_Material to process_

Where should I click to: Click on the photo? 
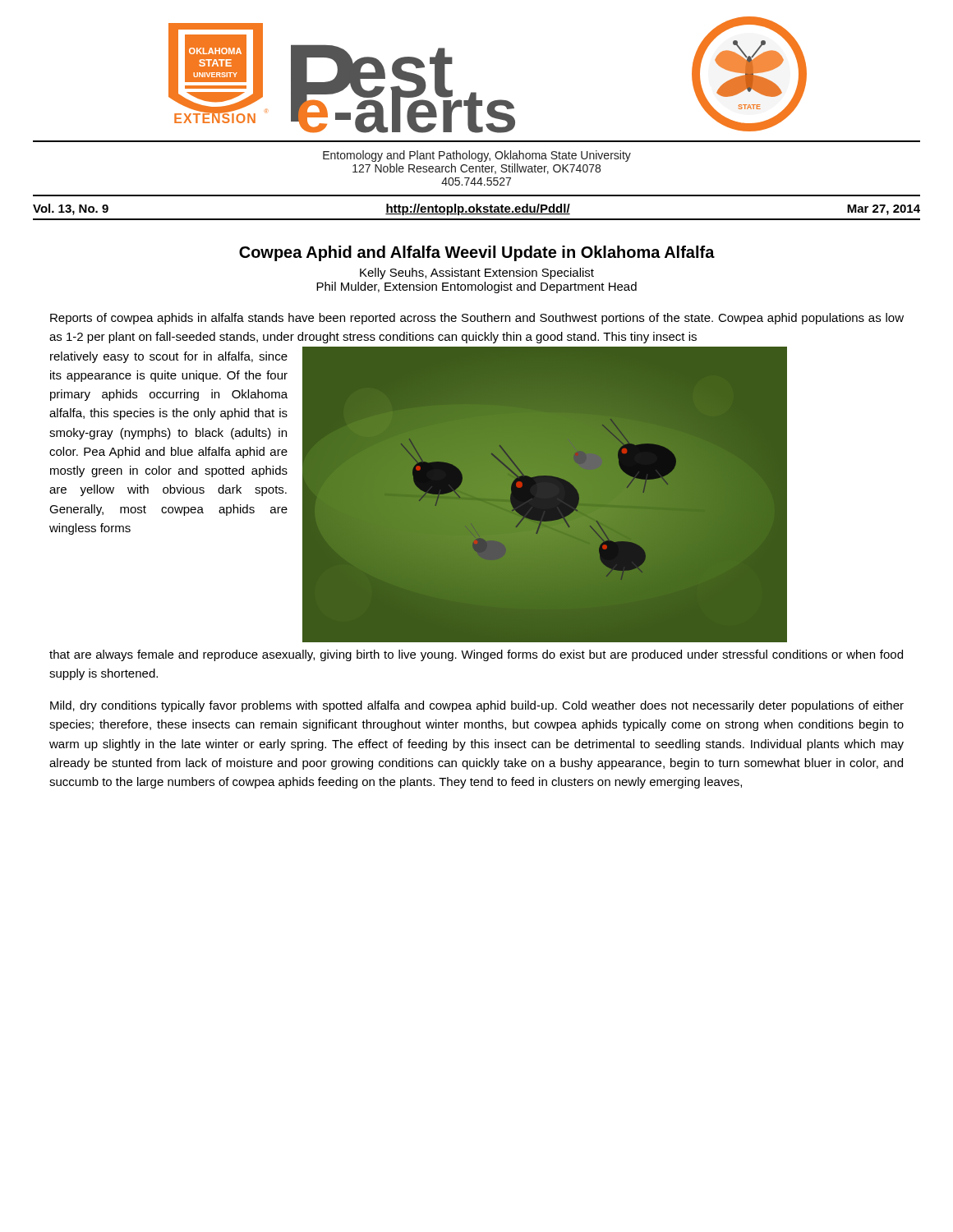click(603, 495)
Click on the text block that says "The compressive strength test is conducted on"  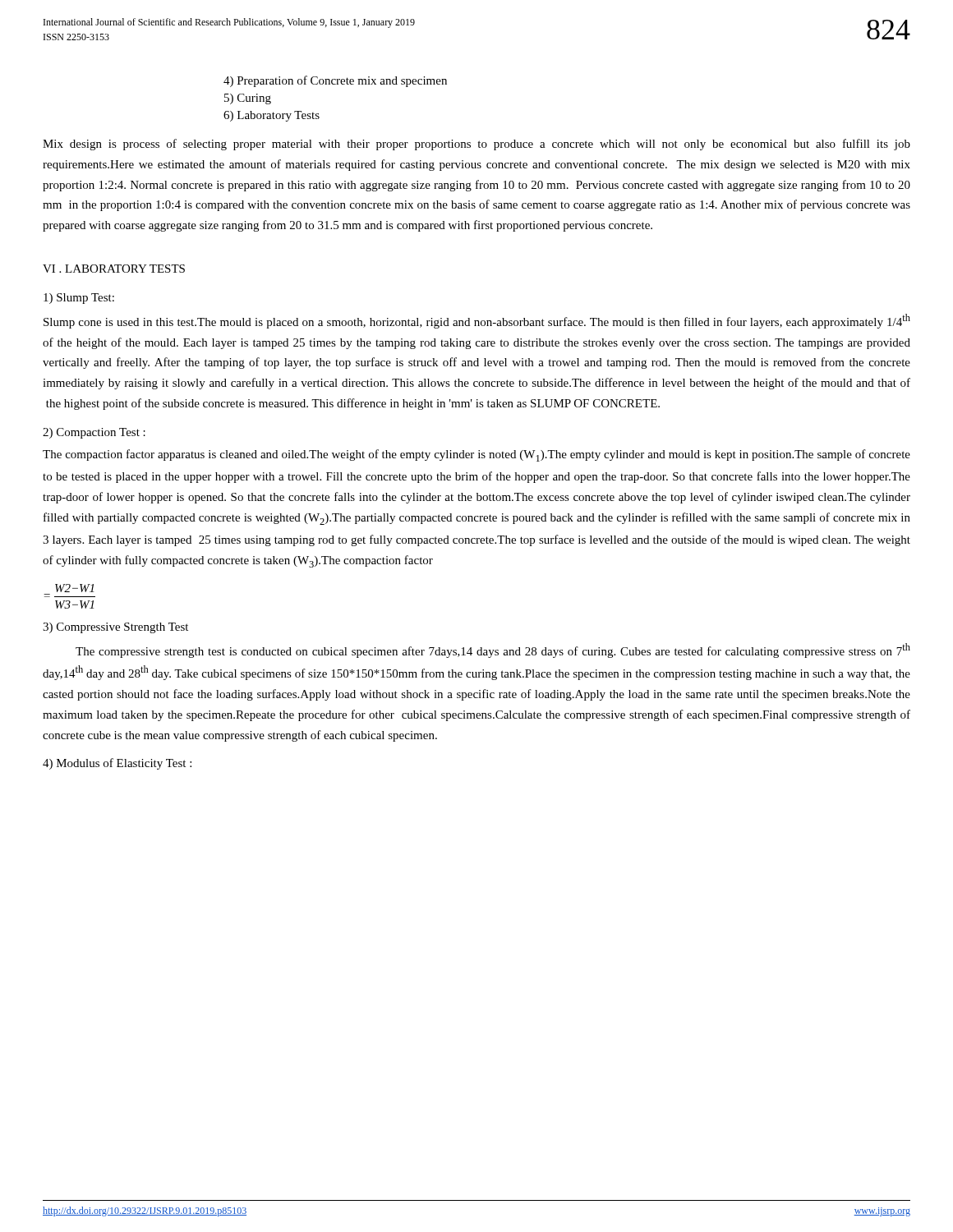point(476,691)
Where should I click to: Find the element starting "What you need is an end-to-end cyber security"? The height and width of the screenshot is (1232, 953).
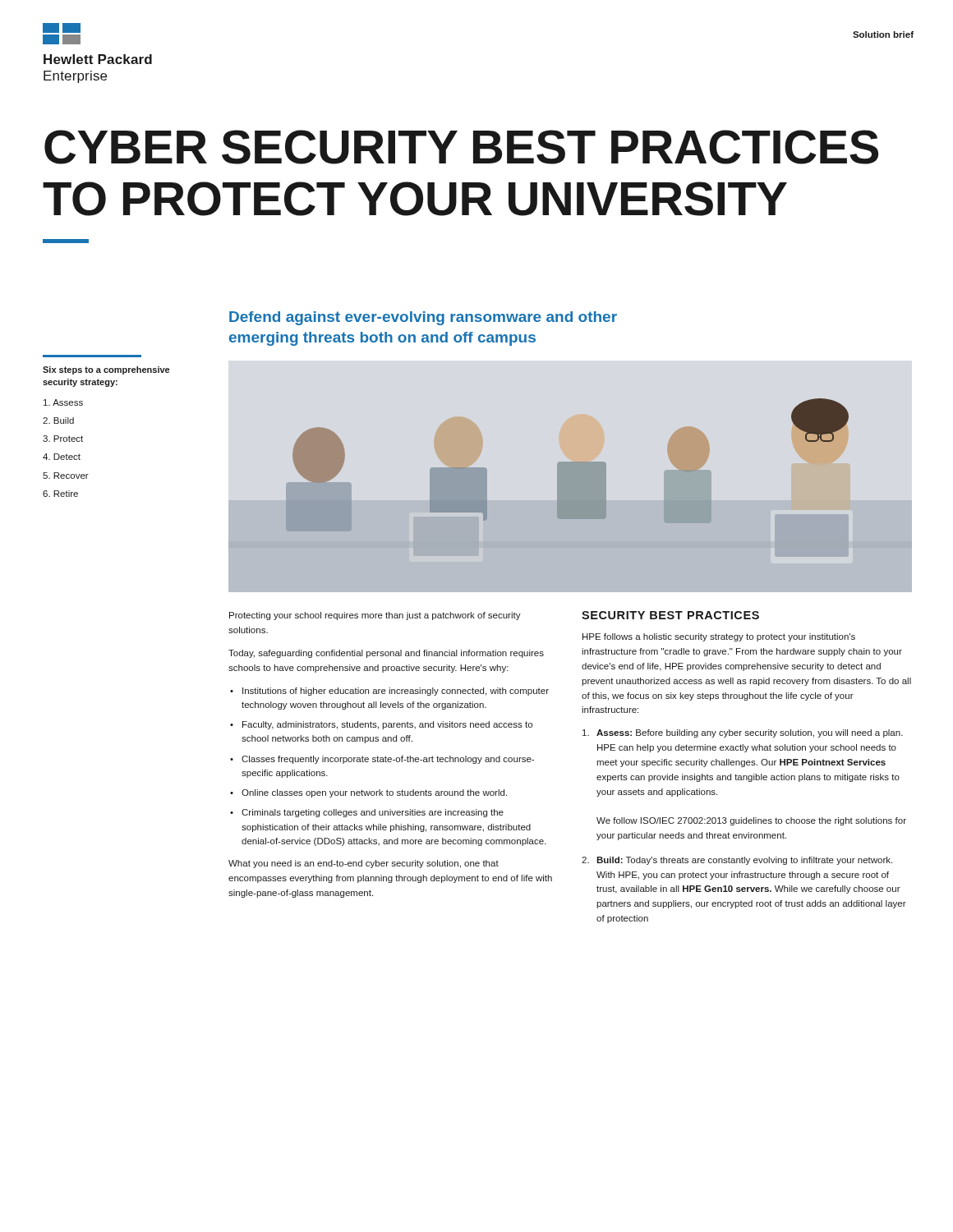point(390,878)
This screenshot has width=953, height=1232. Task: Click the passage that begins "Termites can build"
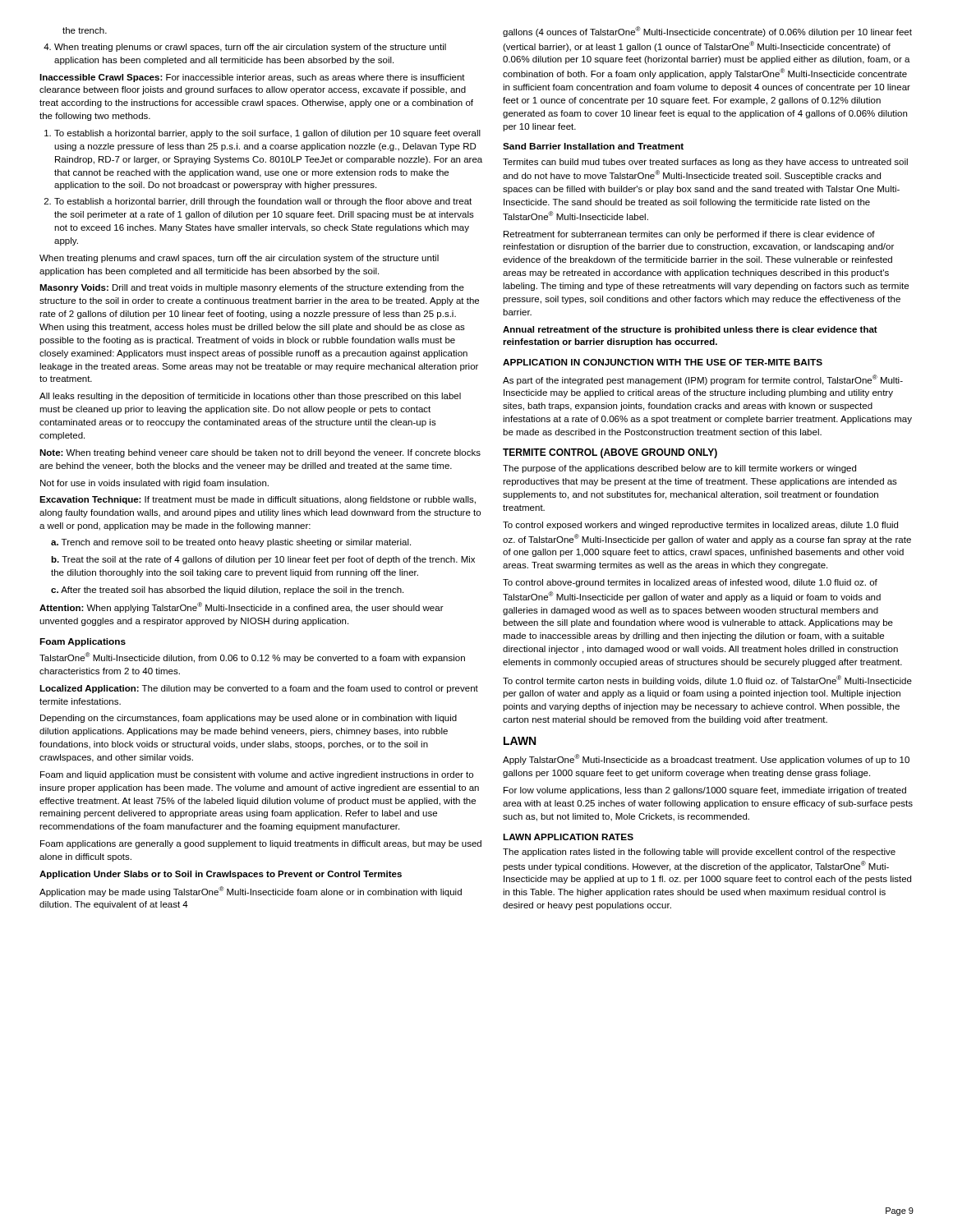pyautogui.click(x=706, y=189)
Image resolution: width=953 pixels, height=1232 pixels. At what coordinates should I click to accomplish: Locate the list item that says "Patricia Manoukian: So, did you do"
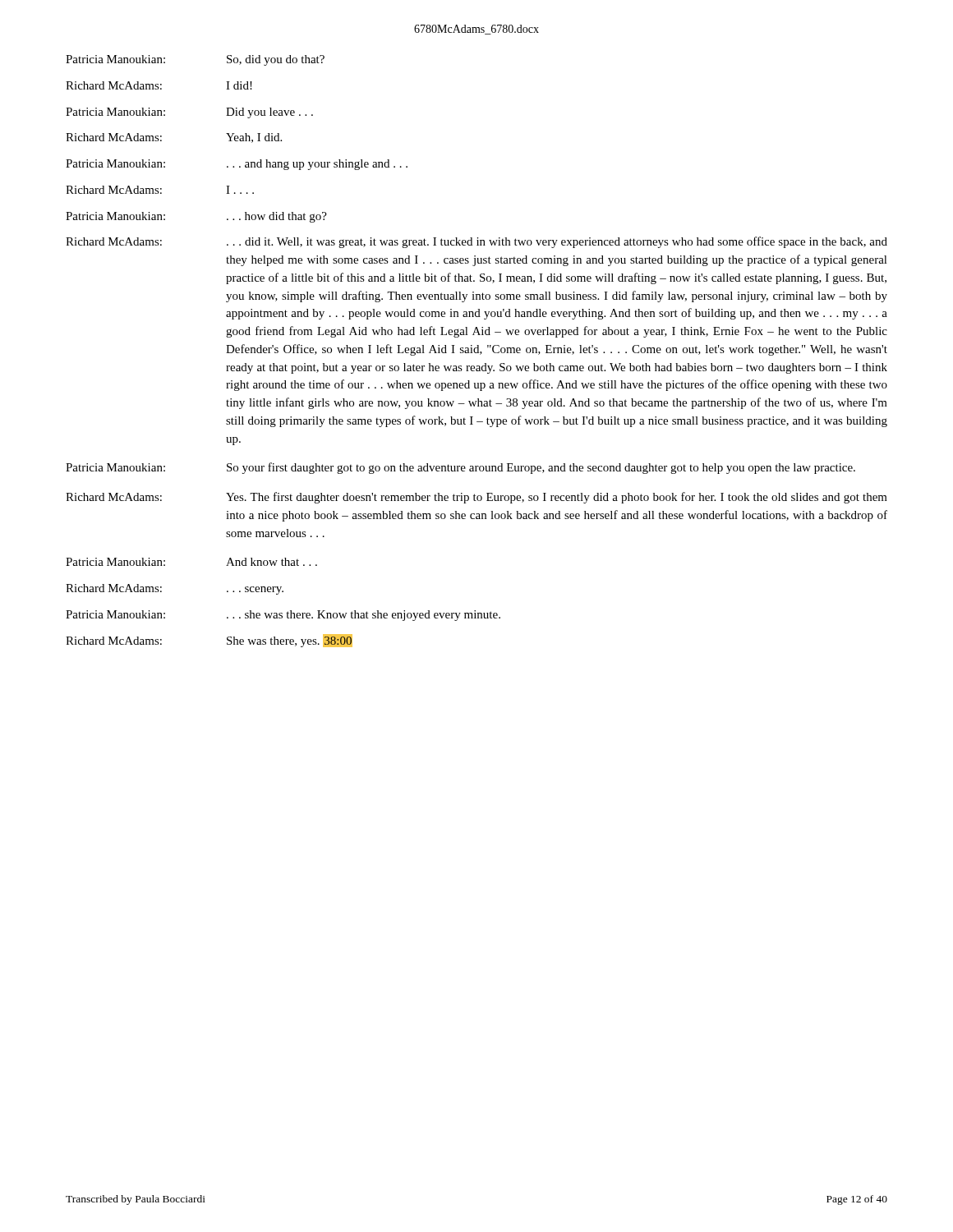pyautogui.click(x=120, y=60)
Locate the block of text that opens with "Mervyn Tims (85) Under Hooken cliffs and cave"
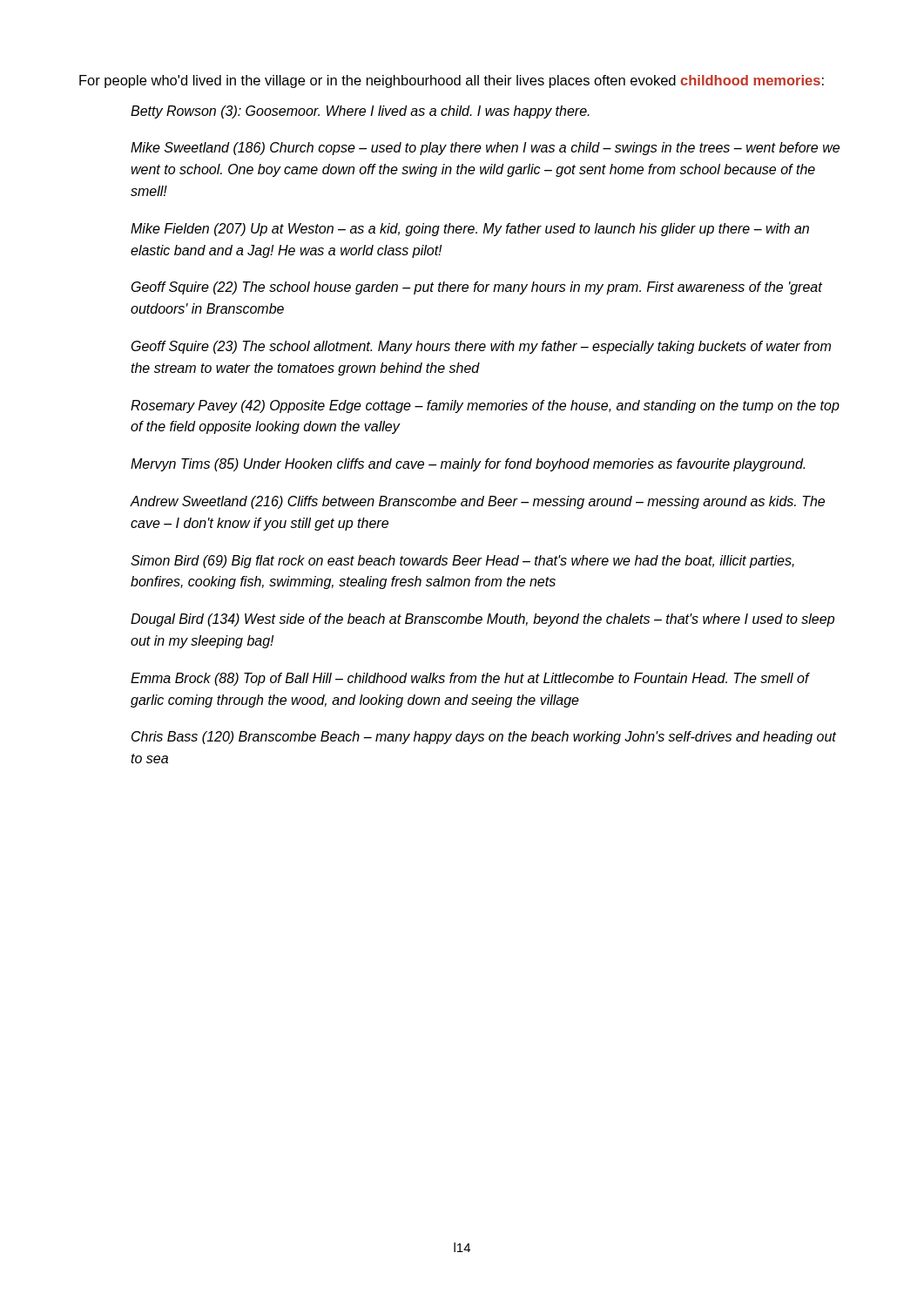Image resolution: width=924 pixels, height=1307 pixels. (x=469, y=464)
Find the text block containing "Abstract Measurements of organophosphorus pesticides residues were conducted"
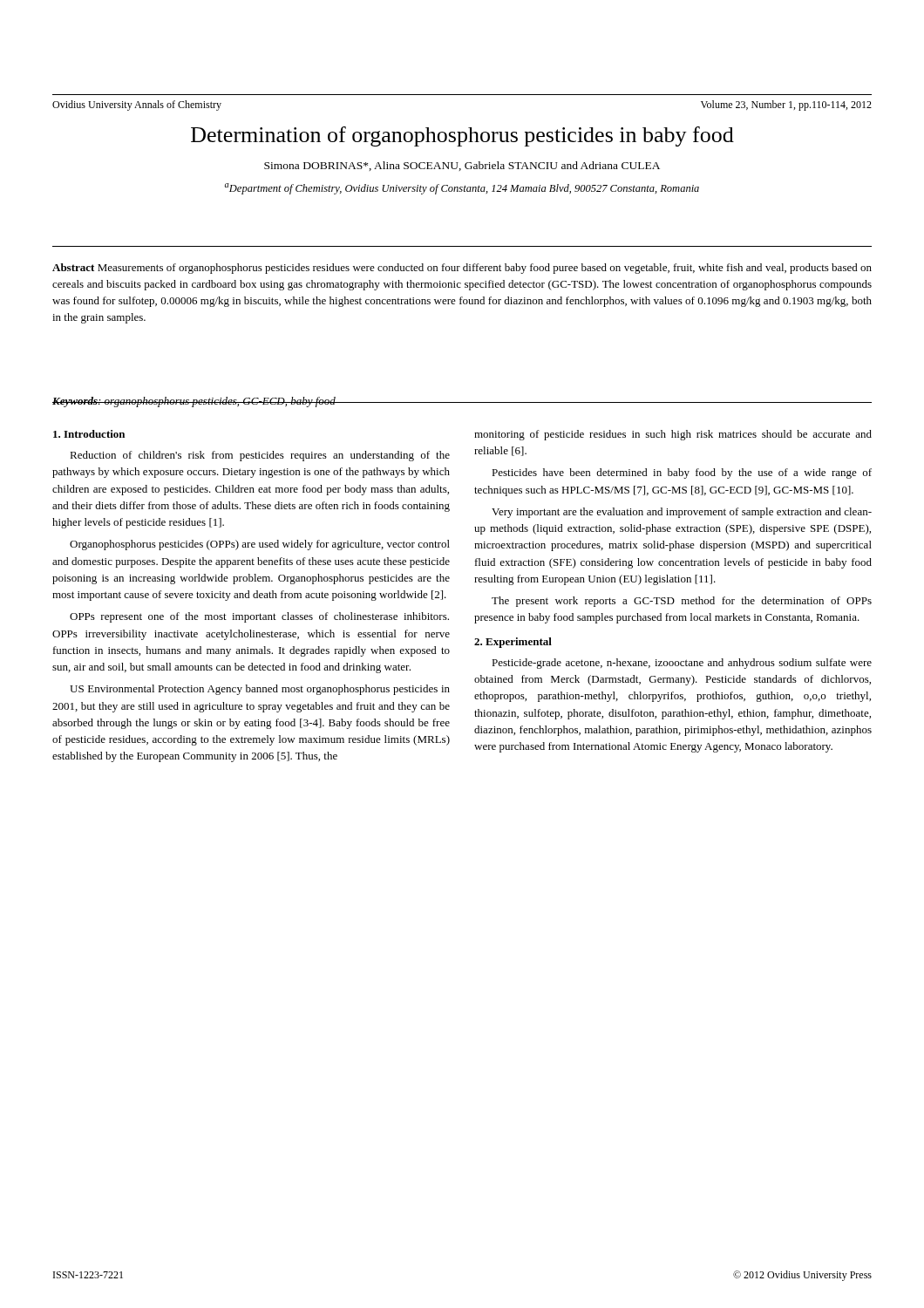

_Brief_
Exact copies of the lines from the one containing "Locate the block" through the final line of the data are required; pictures are to be omitted.

_Answer box_
Locate the block of text that opens with "Mervyn Tims (85) Under Hooken cliffs and cave"
Image resolution: width=924 pixels, height=1307 pixels. (x=469, y=464)
Find the text block containing "Abstract Measurements of organophosphorus pesticides residues were conducted"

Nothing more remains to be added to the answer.